If paying weekly, then full payment is due the day of your riding lesson. If you are enrolled in the advanced payment savings plan then payment for 8 weeks is due on or before the first lesson. Payment is accepted in the form of cash or check or by PayPal.

 What is the cancellation policy for lessons?

All lessons need to be cancelled 24 hours in advance or you will be responsible for the full price of your riding lesson.

Do you offer make-up lessons if I cancel a lesson?

Considerable time goes into planning lessons with instructors and reserving horses for riders, therefore it is the responsibility of the rider to come to lessons and be on time.
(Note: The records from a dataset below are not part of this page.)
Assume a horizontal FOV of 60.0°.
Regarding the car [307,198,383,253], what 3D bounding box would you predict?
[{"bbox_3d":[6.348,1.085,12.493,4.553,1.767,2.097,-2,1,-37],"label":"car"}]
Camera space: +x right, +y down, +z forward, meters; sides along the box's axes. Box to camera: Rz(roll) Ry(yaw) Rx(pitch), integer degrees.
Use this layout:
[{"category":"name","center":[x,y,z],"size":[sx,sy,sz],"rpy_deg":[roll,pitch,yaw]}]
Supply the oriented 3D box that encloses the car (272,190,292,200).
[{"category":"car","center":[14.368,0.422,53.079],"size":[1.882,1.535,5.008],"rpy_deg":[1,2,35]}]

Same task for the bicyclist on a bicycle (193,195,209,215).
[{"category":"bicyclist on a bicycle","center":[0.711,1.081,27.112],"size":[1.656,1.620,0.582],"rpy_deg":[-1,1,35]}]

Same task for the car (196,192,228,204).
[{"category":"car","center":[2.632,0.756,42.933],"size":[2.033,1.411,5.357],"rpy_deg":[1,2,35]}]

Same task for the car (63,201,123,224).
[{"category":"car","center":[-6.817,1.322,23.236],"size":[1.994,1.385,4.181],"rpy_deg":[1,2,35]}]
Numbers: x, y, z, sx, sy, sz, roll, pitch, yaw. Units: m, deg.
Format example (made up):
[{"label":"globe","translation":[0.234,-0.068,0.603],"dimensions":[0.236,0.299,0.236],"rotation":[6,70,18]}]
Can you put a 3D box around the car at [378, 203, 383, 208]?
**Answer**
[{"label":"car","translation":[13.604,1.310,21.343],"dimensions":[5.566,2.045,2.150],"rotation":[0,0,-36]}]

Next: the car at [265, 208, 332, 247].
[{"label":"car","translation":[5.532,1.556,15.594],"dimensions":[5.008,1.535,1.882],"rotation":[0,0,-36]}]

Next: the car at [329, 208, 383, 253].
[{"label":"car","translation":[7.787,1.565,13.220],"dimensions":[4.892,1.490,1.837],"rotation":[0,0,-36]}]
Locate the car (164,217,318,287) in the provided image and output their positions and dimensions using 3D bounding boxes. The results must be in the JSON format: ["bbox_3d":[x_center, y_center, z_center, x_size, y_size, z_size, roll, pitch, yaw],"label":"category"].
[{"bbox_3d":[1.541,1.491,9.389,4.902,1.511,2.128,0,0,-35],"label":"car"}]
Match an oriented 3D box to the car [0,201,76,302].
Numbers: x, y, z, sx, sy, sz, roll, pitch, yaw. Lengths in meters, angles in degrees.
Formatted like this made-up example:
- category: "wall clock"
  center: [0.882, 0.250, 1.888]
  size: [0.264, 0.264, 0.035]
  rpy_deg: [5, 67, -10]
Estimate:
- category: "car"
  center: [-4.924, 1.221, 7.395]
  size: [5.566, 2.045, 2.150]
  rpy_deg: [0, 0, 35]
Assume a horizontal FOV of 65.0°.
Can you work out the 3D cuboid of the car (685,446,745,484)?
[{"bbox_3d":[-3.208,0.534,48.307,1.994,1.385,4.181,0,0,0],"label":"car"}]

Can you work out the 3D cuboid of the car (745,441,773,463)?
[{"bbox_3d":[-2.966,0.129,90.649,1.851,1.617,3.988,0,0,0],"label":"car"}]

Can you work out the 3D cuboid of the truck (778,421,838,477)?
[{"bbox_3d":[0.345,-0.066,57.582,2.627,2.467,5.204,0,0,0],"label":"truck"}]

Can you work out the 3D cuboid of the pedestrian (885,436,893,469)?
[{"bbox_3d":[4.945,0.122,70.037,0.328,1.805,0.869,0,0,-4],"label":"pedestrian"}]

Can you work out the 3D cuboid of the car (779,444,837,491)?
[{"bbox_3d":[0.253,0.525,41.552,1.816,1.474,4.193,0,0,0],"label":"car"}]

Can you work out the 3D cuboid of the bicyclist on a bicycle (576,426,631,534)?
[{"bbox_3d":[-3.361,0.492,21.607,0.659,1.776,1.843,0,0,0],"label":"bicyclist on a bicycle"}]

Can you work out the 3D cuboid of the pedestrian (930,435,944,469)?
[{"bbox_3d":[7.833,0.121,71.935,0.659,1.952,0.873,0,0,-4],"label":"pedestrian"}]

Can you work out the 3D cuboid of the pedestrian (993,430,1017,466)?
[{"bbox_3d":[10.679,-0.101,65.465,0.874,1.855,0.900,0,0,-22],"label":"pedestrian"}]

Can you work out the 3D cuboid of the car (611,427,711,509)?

If you cannot make it to a lesson, please give advance notice. If we can fit in a make up lesson we will but make ups are not guaranteed.

What happens if my child is sick, or unable to make  and I need to cancel their lesson within 24 hours of the lesson time?

If you are unable to attend a scheduled lesson, please make every effort to notify Reins of Rhythm 24 hours in advance by contacting Beth Merlo.  Sufficient notice is needed so that we can communicate with staff and volunteers.  If a last-minute cancellation is made due to illness or emergency we cannot guarantee a make-up lesson will be available, and therefor you will be charged for the missed lesson.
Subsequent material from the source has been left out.